Ralph Gants repaired the world

The chief justice lived his faith, pursuing justice even during these last turbulent months.

Ralph Gants was a mensch — one of the good guys who throughout his career lived his faith, seeking in his own way to follow the Jewish tradition of Tikkun Olam, to “repair the world,” or at least a small piece of it.
Ralph Gants was a mensch — one of the good guys who throughout his career lived his faith, seeking in his own way to follow the Jewish tradition of Tikkun Olam, to “repair the world,” or at least a small piece of it.Jessica Rinaldi/Globe Staff

“Justice, justice shall you pursue.” Words from the Torah often quoted but not nearly as often taken to heart.
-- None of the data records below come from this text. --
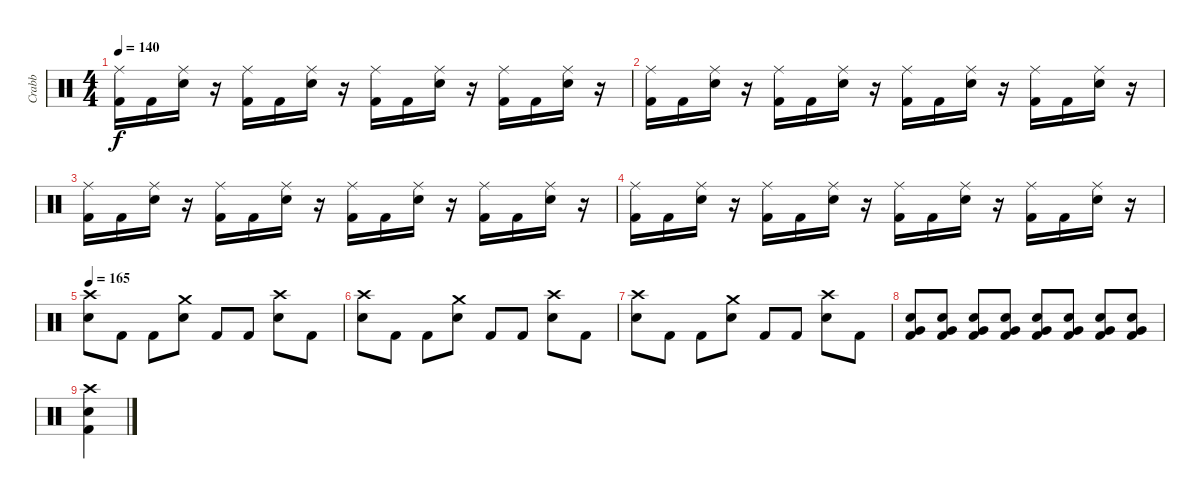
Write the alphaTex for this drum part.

\track ("Crabb" "Crabb") {instrument percussion}
\staff {score}
\articulation defaults
\ts (4 4)
\tempo 140
\clef neutral
\ks c
("Ride (middle)" "Kick (hit) 2").16{dy f} "Kick (hit) 2".16 ("Ride (middle)" "Electric Snare (hit)").16 r.16 ("Ride (middle)" "Kick (hit) 2").16 "Kick (hit) 2".16 ("Ride (middle)" "Electric Snare (hit)").16 r.16 ("Ride (middle)" "Kick (hit) 2").16 "Kick (hit) 2".16 ("Ride (middle)" "Electric Snare (hit)").16 r.16 ("Ride (middle)" "Kick (hit) 2").16 "Kick (hit) 2".16 ("Ride (middle)" "Electric Snare (hit)").16 r.16 |
("Ride (middle)" "Kick (hit) 2").16 "Kick (hit) 2".16 ("Ride (middle)" "Electric Snare (hit)").16 r.16 ("Ride (middle)" "Kick (hit) 2").16 "Kick (hit) 2".16 ("Ride (middle)" "Electric Snare (hit)").16 r.16 ("Ride (middle)" "Kick (hit) 2").16 "Kick (hit) 2".16 ("Ride (middle)" "Electric Snare (hit)").16 r.16 ("Ride (middle)" "Kick (hit) 2").16 "Kick (hit) 2".16 ("Ride (middle)" "Electric Snare (hit)").16 r.16 |
("Ride (middle)" "Kick (hit) 2").16 "Kick (hit) 2".16 ("Ride (middle)" "Electric Snare (hit)").16 r.16 ("Ride (middle)" "Kick (hit) 2").16 "Kick (hit) 2".16 ("Ride (middle)" "Electric Snare (hit)").16 r.16 ("Ride (middle)" "Kick (hit) 2").16 "Kick (hit) 2".16 ("Ride (middle)" "Electric Snare (hit)").16 r.16 ("Ride (middle)" "Kick (hit) 2").16 "Kick (hit) 2".16 ("Ride (middle)" "Electric Snare (hit)").16 r.16 |
("Ride (middle)" "Kick (hit) 2").16 "Kick (hit) 2".16 ("Ride (middle)" "Electric Snare (hit)").16 r.16 ("Ride (middle)" "Kick (hit) 2").16 "Kick (hit) 2".16 ("Ride (middle)" "Electric Snare (hit)").16 r.16 ("Ride (middle)" "Kick (hit) 2").16 "Kick (hit) 2".16 ("Ride (middle)" "Electric Snare (hit)").16 r.16 ("Ride (middle)" "Kick (hit) 2").16 "Kick (hit) 2".16 ("Ride (middle)" "Electric Snare (hit)").16 r.16 |
\tempo 165
("Crash high (hit)" "Electric Snare (hit)").8 "Kick (hit) 2".8 "Kick (hit) 2".8 ("Crash medium (hit)" "Electric Snare (hit)").8 "Kick (hit) 2".8 "Kick (hit) 2".8 ("Crash high (hit)" "Electric Snare (hit)").8 "Kick (hit) 2".8 |
("Crash high (hit)" "Electric Snare (hit)").8 "Kick (hit) 2".8 "Kick (hit) 2".8 ("Crash medium (hit)" "Electric Snare (hit)").8 "Kick (hit) 2".8 "Kick (hit) 2".8 ("Crash high (hit)" "Electric Snare (hit)").8 "Kick (hit) 2".8 |
("Crash high (hit)" "Electric Snare (hit)").8 "Kick (hit) 2".8 "Kick (hit) 2".8 ("Crash medium (hit)" "Electric Snare (hit)").8 "Kick (hit) 2".8 "Kick (hit) 2".8 ("Crash high (hit)" "Electric Snare (hit)").8 "Kick (hit) 2".8 |
("Very Low Tom (hit)" "Kick (hit) 2" "Electric Snare (hit)").8 ("Very Low Tom (hit)" "Kick (hit) 2" "Electric Snare (hit)").8 ("Very Low Tom (hit)" "Kick (hit) 2" "Electric Snare (hit)").8 ("Very Low Tom (hit)" "Kick (hit) 2" "Electric Snare (hit)").8 ("Very Low Tom (hit)" "Kick (hit) 2" "Electric Snare (hit)").8 ("Very Low Tom (hit)" "Kick (hit) 2" "Electric Snare (hit)").8 ("Very Low Tom (hit)" "Kick (hit) 2" "Electric Snare (hit)").8 ("Very Low Tom (hit)" "Kick (hit) 2" "Electric Snare (hit)").8 |
("Crash high (hit)" "Kick (hit) 2" "Electric Snare (hit)").4

Ralph Gants took them to heart.

I’ll leave it for his fellow jurists and legal scholars to analyze the body of work the late chief justice of the Supreme Judicial Court leaves behind.

I know only this: Justice Gants was a mensch — one of the good guys who throughout his career lived his faith, seeking in his own way to follow the Jewish tradition of Tikkun Olam, to “repair the world,” or at least a small piece of it.

As he put it in his first State of the Judiciary address, in 2015, “In our courts, we seek to repair the world, sometimes even save the world, one person at a time. What that means is that our courts will step up to the plate and seek to address the challenging problems that come before us.”

And, during the five years that would follow, that is exactly what he did.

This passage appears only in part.